START Stored data

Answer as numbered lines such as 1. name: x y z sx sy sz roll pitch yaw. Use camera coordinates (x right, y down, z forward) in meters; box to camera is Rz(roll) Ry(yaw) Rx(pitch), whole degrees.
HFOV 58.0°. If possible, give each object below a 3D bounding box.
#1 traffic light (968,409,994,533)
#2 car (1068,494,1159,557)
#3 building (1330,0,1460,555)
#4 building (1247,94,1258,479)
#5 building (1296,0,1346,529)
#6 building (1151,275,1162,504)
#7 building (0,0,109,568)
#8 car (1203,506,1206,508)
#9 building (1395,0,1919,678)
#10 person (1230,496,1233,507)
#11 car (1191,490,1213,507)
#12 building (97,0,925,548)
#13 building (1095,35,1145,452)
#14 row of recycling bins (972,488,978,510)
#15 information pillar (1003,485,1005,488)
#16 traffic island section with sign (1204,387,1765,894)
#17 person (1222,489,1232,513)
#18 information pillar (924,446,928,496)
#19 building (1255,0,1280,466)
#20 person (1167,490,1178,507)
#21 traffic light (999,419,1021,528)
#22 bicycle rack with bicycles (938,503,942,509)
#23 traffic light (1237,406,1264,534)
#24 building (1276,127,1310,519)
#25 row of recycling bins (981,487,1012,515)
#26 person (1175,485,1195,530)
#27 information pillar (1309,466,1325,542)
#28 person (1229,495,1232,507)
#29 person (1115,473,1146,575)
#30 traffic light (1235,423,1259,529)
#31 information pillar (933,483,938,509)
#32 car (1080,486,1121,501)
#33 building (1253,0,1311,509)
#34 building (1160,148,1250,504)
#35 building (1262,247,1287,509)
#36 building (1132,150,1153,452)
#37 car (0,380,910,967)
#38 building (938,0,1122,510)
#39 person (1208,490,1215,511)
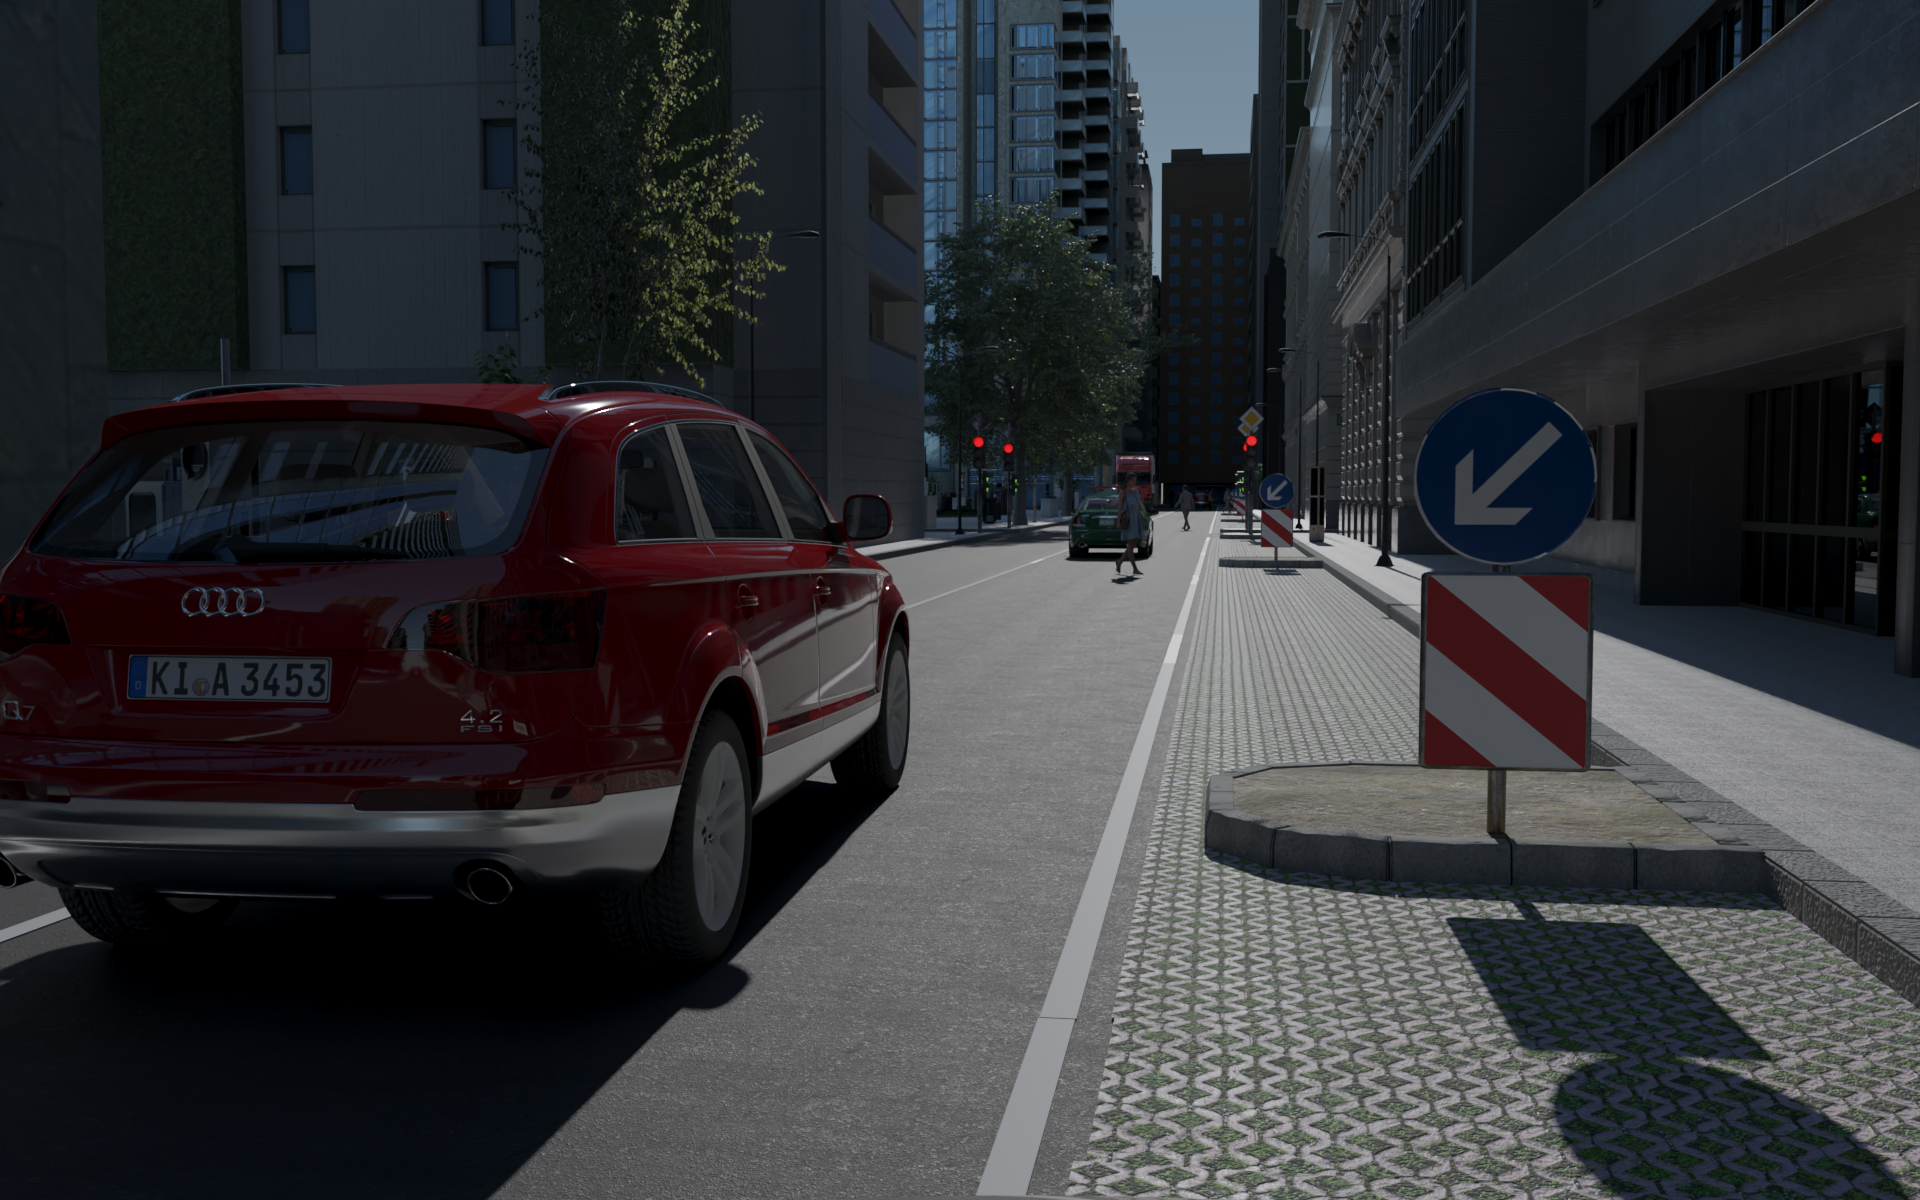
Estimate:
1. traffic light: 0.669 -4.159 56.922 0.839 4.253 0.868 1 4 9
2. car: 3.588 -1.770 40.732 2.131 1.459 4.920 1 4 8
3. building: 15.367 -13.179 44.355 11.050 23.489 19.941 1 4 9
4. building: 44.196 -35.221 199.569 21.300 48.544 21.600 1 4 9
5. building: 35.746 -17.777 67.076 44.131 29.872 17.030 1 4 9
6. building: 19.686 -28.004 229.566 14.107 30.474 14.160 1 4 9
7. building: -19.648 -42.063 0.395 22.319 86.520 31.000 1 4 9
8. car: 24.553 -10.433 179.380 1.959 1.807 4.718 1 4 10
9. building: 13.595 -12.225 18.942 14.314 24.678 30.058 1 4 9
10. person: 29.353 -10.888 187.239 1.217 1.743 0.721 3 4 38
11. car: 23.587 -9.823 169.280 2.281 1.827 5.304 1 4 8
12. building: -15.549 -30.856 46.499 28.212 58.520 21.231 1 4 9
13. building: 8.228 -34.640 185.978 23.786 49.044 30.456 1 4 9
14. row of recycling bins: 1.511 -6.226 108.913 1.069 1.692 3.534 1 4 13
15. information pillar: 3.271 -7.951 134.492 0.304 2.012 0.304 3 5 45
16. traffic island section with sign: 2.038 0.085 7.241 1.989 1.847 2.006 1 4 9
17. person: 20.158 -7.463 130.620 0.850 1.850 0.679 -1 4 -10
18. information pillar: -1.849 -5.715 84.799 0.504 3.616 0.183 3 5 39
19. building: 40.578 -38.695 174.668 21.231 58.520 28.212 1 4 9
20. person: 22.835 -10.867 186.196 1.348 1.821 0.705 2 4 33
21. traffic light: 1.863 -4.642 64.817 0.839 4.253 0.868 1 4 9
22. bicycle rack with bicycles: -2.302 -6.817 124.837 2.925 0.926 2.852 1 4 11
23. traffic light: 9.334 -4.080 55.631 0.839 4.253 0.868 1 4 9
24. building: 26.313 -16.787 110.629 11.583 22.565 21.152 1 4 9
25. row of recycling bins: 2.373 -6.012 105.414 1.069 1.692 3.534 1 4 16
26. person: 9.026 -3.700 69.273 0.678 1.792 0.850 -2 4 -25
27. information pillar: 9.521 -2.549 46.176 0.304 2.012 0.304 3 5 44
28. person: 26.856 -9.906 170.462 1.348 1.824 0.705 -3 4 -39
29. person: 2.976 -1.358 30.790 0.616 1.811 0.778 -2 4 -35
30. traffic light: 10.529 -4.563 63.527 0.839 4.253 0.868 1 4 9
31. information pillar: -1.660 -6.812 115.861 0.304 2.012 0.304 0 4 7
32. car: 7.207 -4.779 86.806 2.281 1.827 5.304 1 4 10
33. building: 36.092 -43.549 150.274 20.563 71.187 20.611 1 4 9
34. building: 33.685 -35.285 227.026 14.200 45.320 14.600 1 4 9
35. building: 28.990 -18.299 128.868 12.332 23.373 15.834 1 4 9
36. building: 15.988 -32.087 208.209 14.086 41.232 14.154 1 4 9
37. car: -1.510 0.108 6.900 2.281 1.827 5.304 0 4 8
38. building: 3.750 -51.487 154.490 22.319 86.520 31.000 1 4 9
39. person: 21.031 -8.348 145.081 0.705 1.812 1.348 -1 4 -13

END Stored data

> Task to complete:
The line with "#2 car (1068,494,1159,557)" marks the end; reproduce exactly every line from the start of the entries up to it, that line included.

> Solution:
Answer as numbered lines such as 1. name: x y z sx sy sz roll pitch yaw. Use camera coordinates (x right, y down, z forward) in meters; box to camera is Rz(roll) Ry(yaw) Rx(pitch), whole degrees.
HFOV 58.0°. If possible, give each object below a 3D bounding box.
#1 traffic light (968,409,994,533)
#2 car (1068,494,1159,557)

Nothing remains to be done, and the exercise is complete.